In [1]:
import pandas as pd
import numpy as np

load_purchase_data = "Resources/purchase_data.json"
purchase_data = pd.read_json(load_purchase_data)

columns = [
    "Age",
    "Gender",
    "Item ID",
    "Item Name",
    "Price",
    "SN"]

purchase_data.head()

Unnamed: 0,Age,Gender,Item ID,Item Name,Price,SN
0,38,Male,165,Bone Crushing Silver Skewer,3.37,Aelalis34
1,21,Male,119,"Stormbringer, Dark Blade of Ending Misery",2.32,Eolo46
2,34,Male,174,Primitive Blade,2.46,Assastnya25
3,21,Male,92,Final Critic,1.36,Pheusrical25
4,23,Male,63,Stormfury Mace,1.27,Aela59


In [2]:
#making the "SN" column a data frame
name_data_df = pd.DataFrame(purchase_data["SN"])

#counting the unique players, returning it as a dataframe
total_players = name_data_df.nunique()
total_players = pd.DataFrame({"Total Players": total_players})
total_players
#I couldn't figure out how to get rid of the "SN" and replace it with a 0 just like in the HeroesofPymoli_starter.ipynb file

Unnamed: 0,Total Players
SN,573


In [3]:
#Pull the column Item Name and count the # of unique items
item_data = purchase_data["Item Name"]
item_count = item_data.nunique()

#Get the avg price, total purchases and total revenue
average_price = purchase_data["Price"].mean()
total_purchases = purchase_data["Price"].count()
total_revenue = purchase_data["Price"].sum()

#create new columns and fill with the data above
purchase_analysis_df = pd.DataFrame([{"Number of Unique Items": item_count, "Average Price": average_price, 
                                      "Number of Purchases": total_purchases,"Total Revenue": total_revenue}])
#make the columns above become a dataframe
purchase_analysis_df = purchase_analysis_df[["Number of Unique Items", "Average Price", 
                                             "Number of Purchases", "Total Revenue"]]
purchase_analysis_df

Unnamed: 0,Number of Unique Items,Average Price,Number of Purchases,Total Revenue
0,179,2.931192,780,2286.33


In [4]:
#Group the data by the SN and Gender column. The .size() function returns the unique groups of name/gender (eliminates duplicates).
#then use .reset_index() to restore the grouped columns (makes it easier to count, the .size() is returned in a new column)
#rename the new column using .rename()
gender_groups_one = purchase_data.groupby(["SN","Gender"]).size().reset_index().rename(columns = {0: "Purchases"})
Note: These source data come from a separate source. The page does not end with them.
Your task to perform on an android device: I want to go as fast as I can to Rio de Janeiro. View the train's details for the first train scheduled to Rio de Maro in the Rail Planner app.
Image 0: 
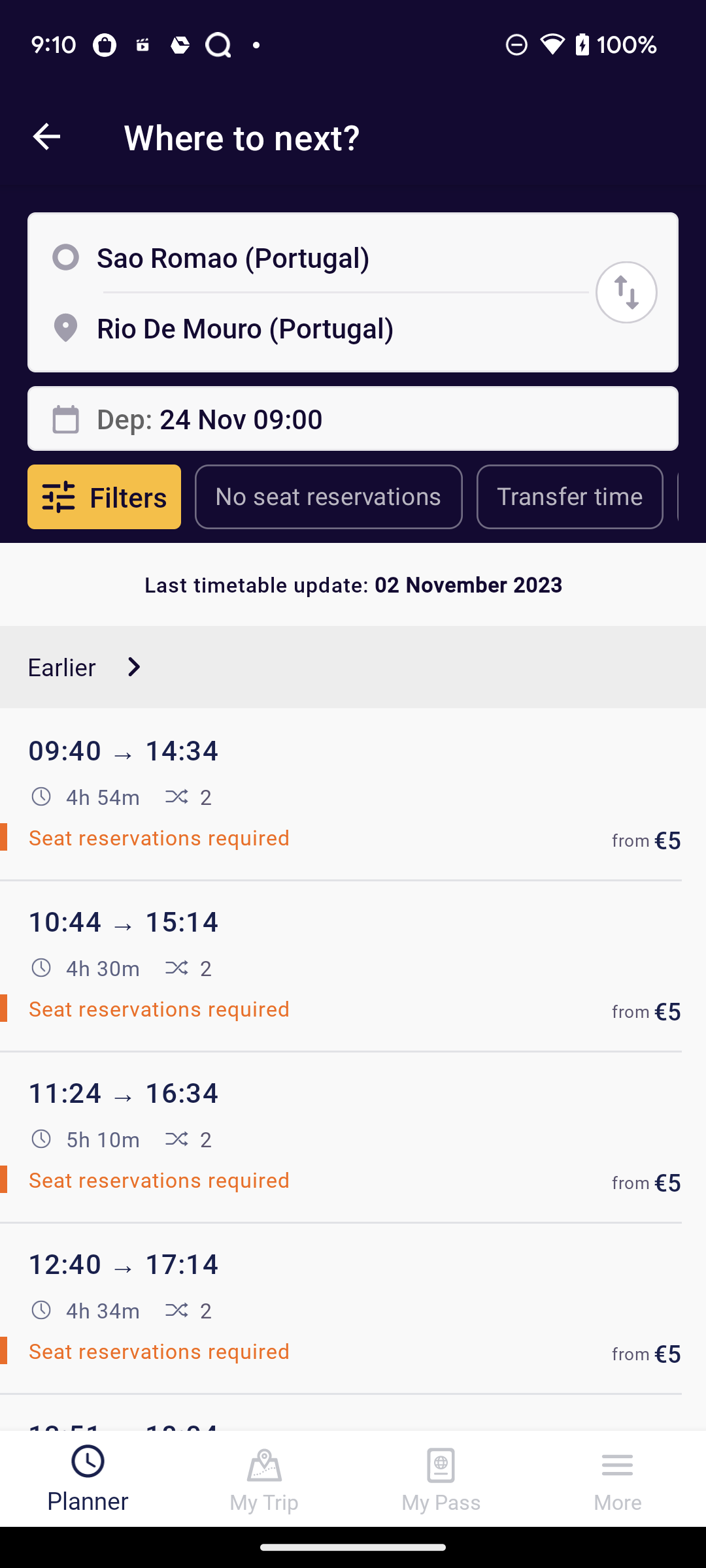
Click on the first train scheduled at 9:40 to see the details
Step 0: click (353, 987)
Image 1: 
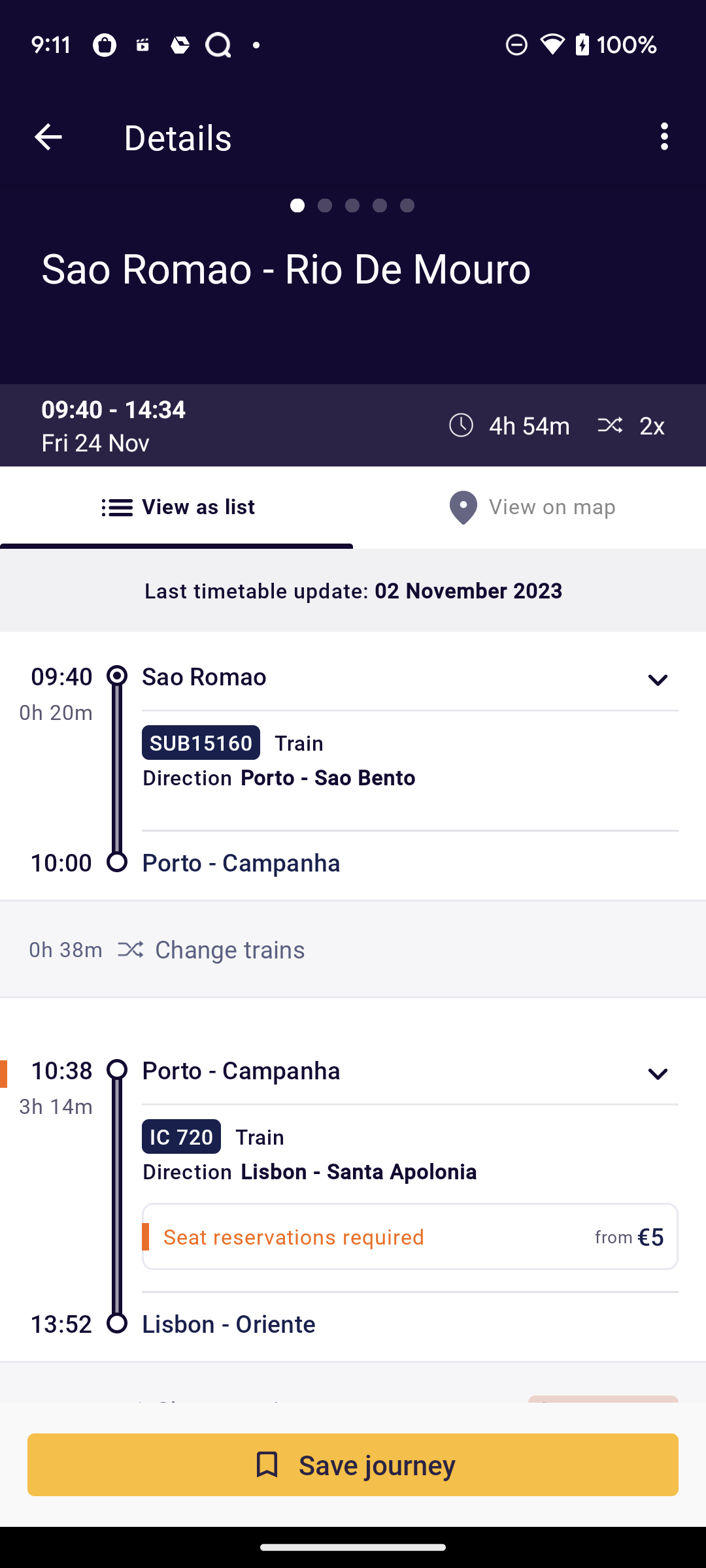
swipe up to see details
Step 1: scroll down
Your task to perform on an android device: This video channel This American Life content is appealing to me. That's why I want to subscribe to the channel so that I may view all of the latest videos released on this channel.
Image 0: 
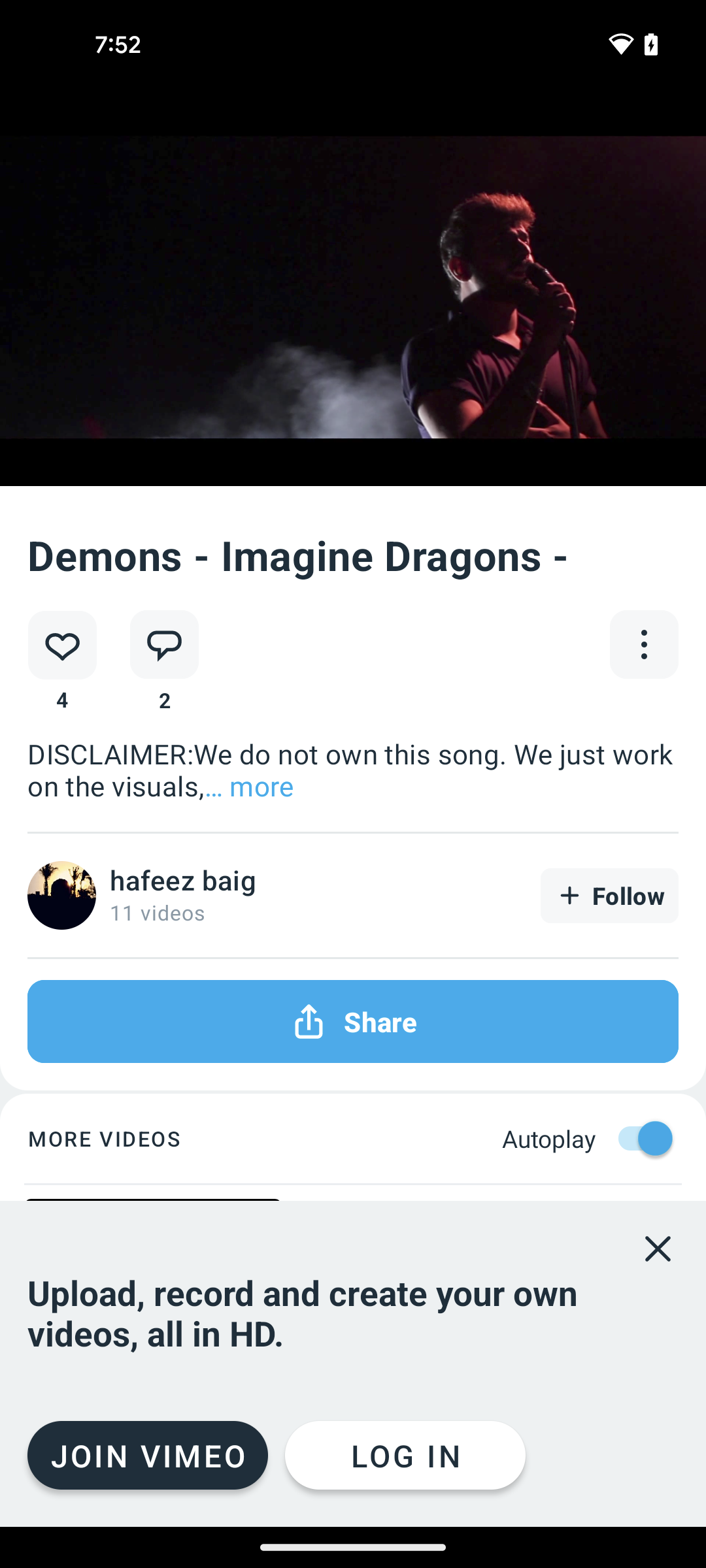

#value count for each gender category
gender_counts = gender_groups_one["Gender"].value_counts()

#the percentage of players each gender makes up
gender_percentages = gender_counts / gender_counts.sum()

#grab gender_counts and gender_percentages from above and put into a df
gender_counts_df = pd.DataFrame({"Total Count":gender_counts, "Percentage of Players": gender_percentages})
gender_counts_df


Unnamed: 0,Total Count,Percentage of Players
Male,465,0.811518
Female,100,0.17452
Other / Non-Disclosed,8,0.013962


In [5]:
#return gender and price columns as neww data frame
sort_gender = purchase_data[["Gender","Price"]]

#groupby gender and then count 
gender_count = sort_gender.groupby(["Gender"])
gender_count = gender_count.count()
gender_count = pd.DataFrame(gender_count)

#find the unique values of gender
gender_unique = sort_gender["Gender"].unique()

#finding the female gender stats
gender_female = purchase_data.loc[purchase_data["Gender"] == "Female", columns]
female_revenue = gender_female["Price"].sum()
female_average = gender_female["Price"].mean()

#finding the male gender stats
gender_male = purchase_data.loc[purchase_data["Gender"] == "Male", columns]
male_revenue = gender_male["Price"].sum()
male_average = gender_male["Price"].mean()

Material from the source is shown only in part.